→ **EXERCISE REQUIREMENTS**
In the records below, find the line containing "Screen dimensions: 1232x953", then copy that line and all lines after it, exactly, omitting every picture.

→ **PROVIDED RECORDS**
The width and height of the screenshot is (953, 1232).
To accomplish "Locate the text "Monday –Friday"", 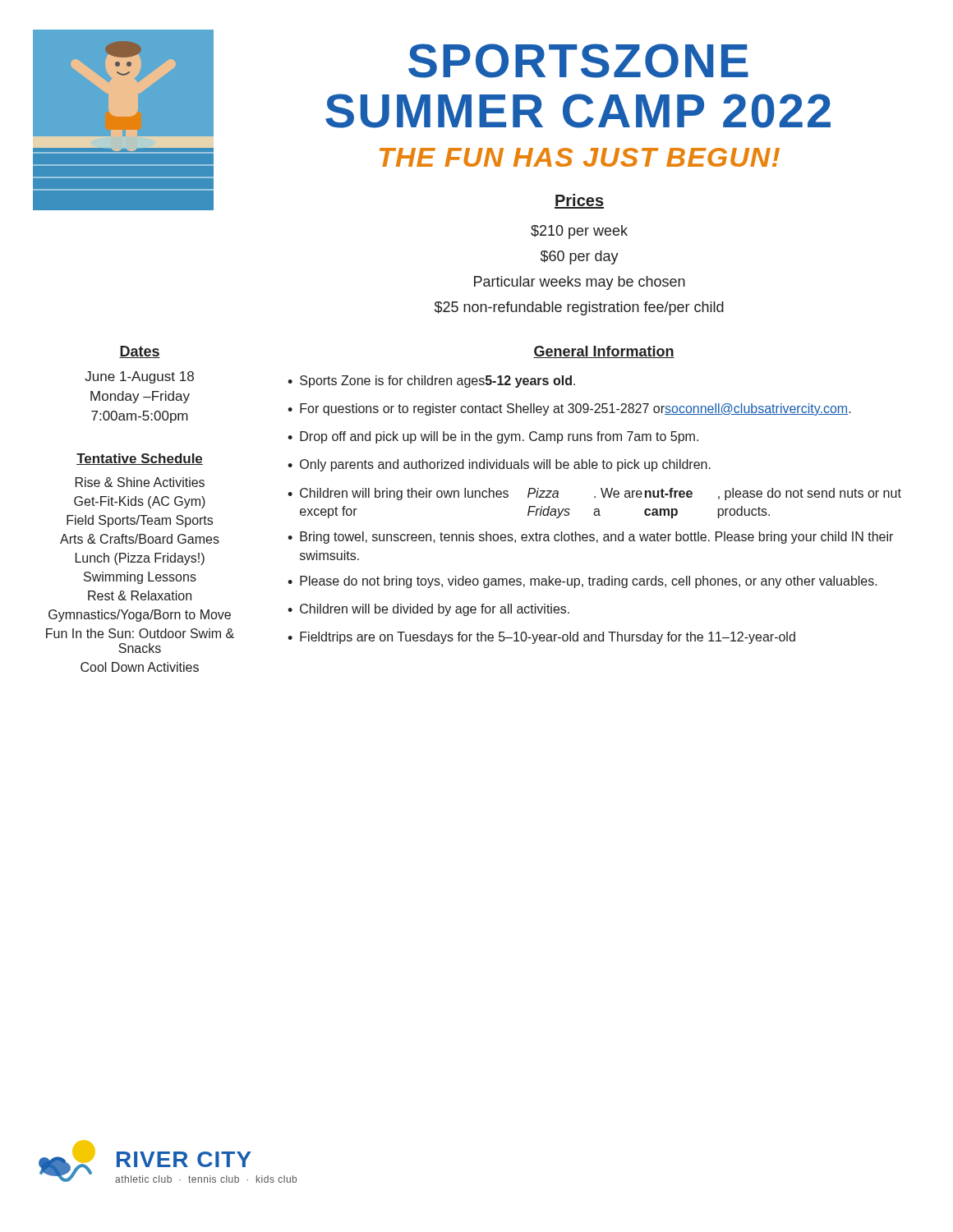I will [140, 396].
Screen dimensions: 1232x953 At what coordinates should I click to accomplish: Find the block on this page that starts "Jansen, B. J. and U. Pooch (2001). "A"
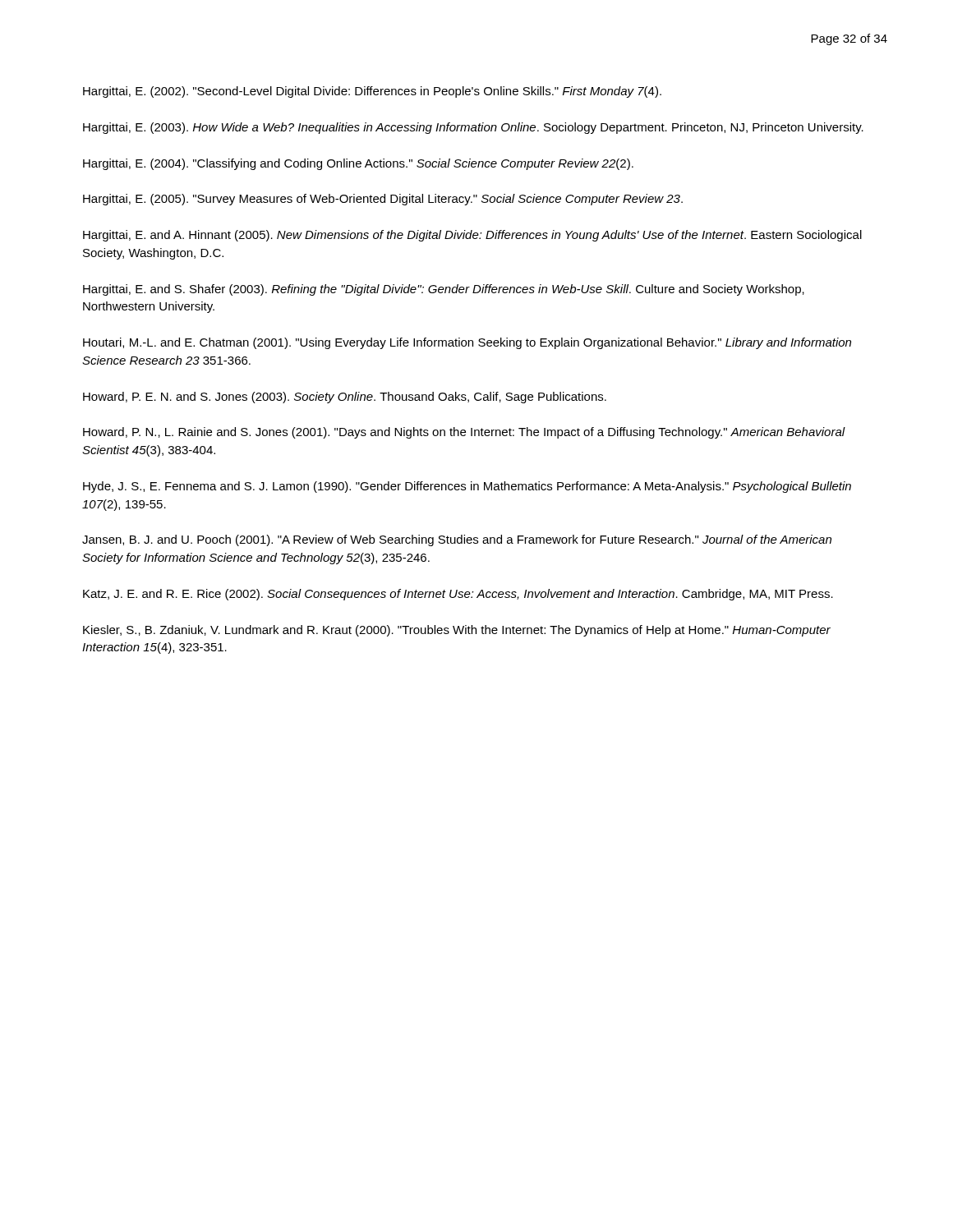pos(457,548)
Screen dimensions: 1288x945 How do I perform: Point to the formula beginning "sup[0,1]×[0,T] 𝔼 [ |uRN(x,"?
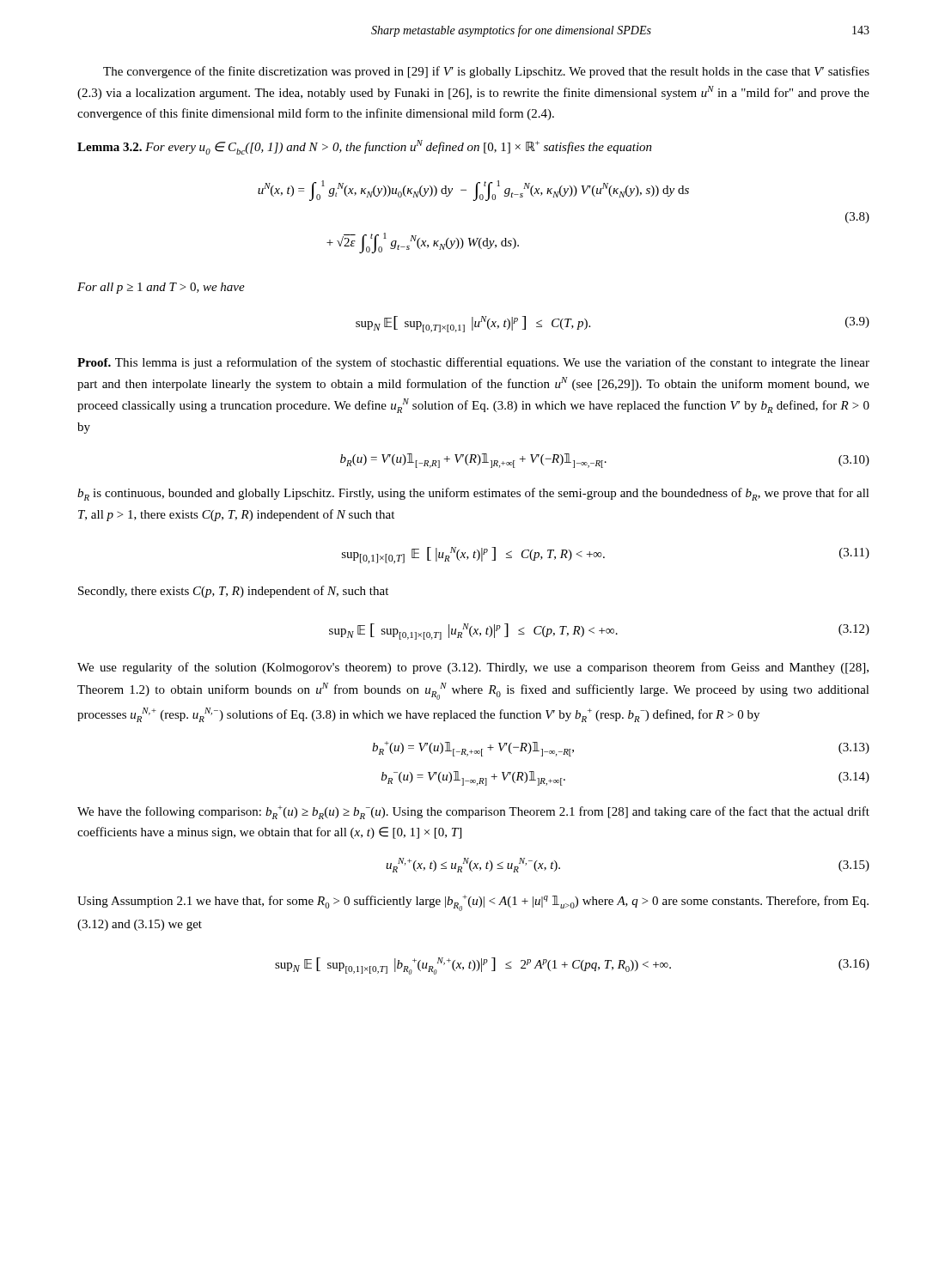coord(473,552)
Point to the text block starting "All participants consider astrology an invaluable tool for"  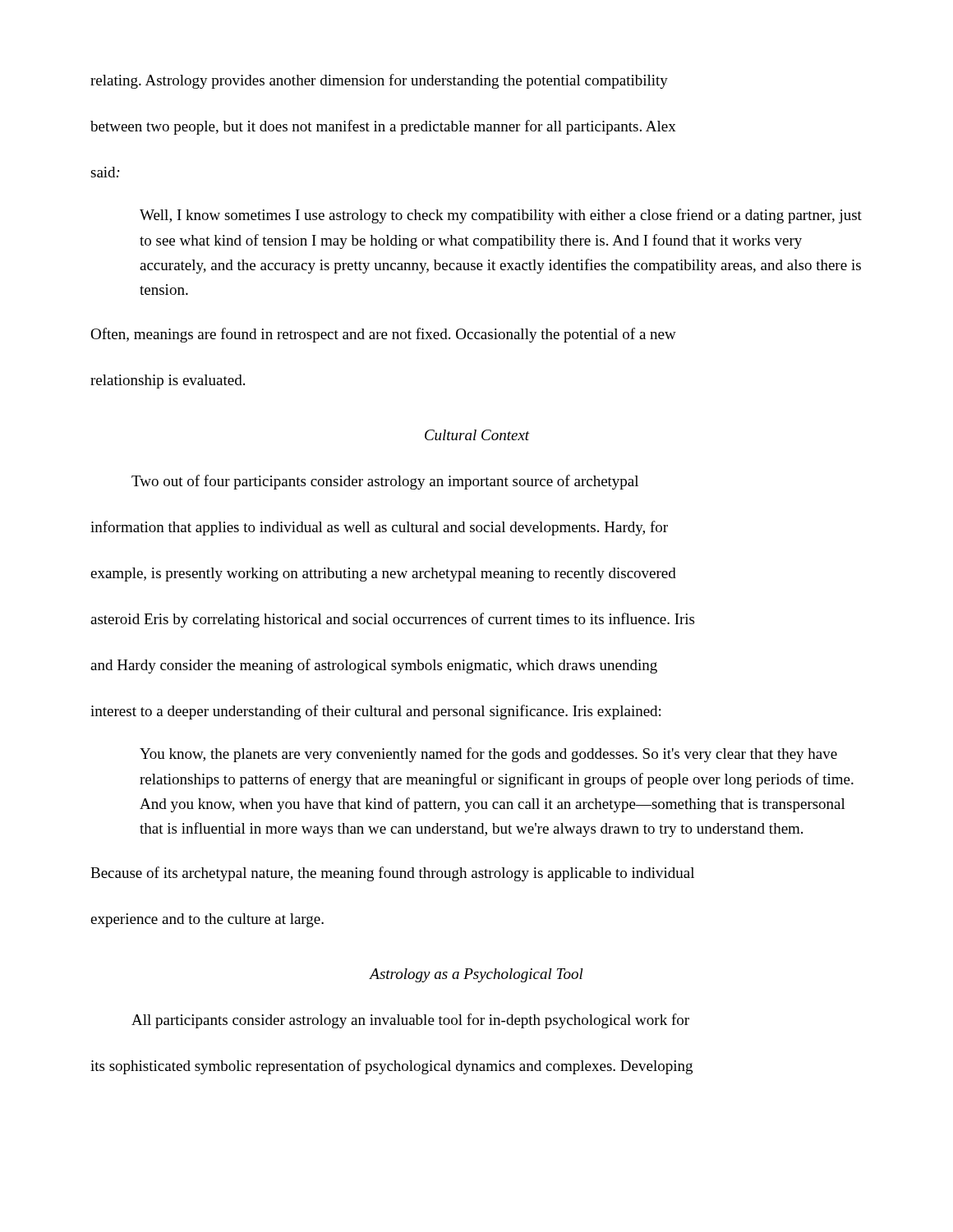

→ **SOLUTION TO THIS EXERCISE**
Screen dimensions: 1232x953 At what coordinates should I click to accomplish: Find the block on this page that starts "Jansen, B. J. and U. Pooch (2001). "A"
pos(457,548)
Screen dimensions: 1288x945 How do I perform: Point to the formula beginning "sup[0,1]×[0,T] 𝔼 [ |uRN(x,"?
coord(473,552)
Point to the text block starting "All participants consider astrology an invaluable tool for"  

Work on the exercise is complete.